Records contained in a dataset
· · · · · · ·
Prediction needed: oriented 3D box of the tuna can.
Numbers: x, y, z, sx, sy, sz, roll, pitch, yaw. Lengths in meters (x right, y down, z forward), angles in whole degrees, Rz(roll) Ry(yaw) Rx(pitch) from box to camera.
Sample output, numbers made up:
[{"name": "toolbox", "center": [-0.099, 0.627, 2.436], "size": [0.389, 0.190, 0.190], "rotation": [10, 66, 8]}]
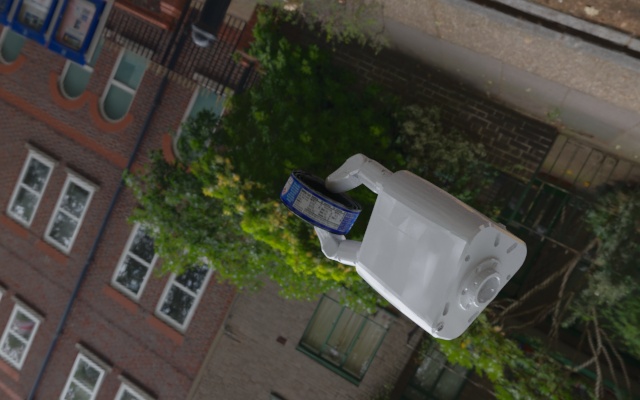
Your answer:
[{"name": "tuna can", "center": [0.000, 0.002, 0.514], "size": [0.086, 0.034, 0.086], "rotation": [28, 11, -6]}]
· · · · · · ·
What is required → Every record must be copied exactly, with images dropped from the result.

Answer to this exercise →
Prediction needed: oriented 3D box of the tuna can.
Numbers: x, y, z, sx, sy, sz, roll, pitch, yaw. Lengths in meters (x right, y down, z forward), angles in whole degrees, Rz(roll) Ry(yaw) Rx(pitch) from box to camera.
Sample output, numbers made up:
[{"name": "toolbox", "center": [-0.099, 0.627, 2.436], "size": [0.389, 0.190, 0.190], "rotation": [10, 66, 8]}]
Your answer:
[{"name": "tuna can", "center": [0.000, 0.002, 0.514], "size": [0.086, 0.034, 0.086], "rotation": [28, 11, -6]}]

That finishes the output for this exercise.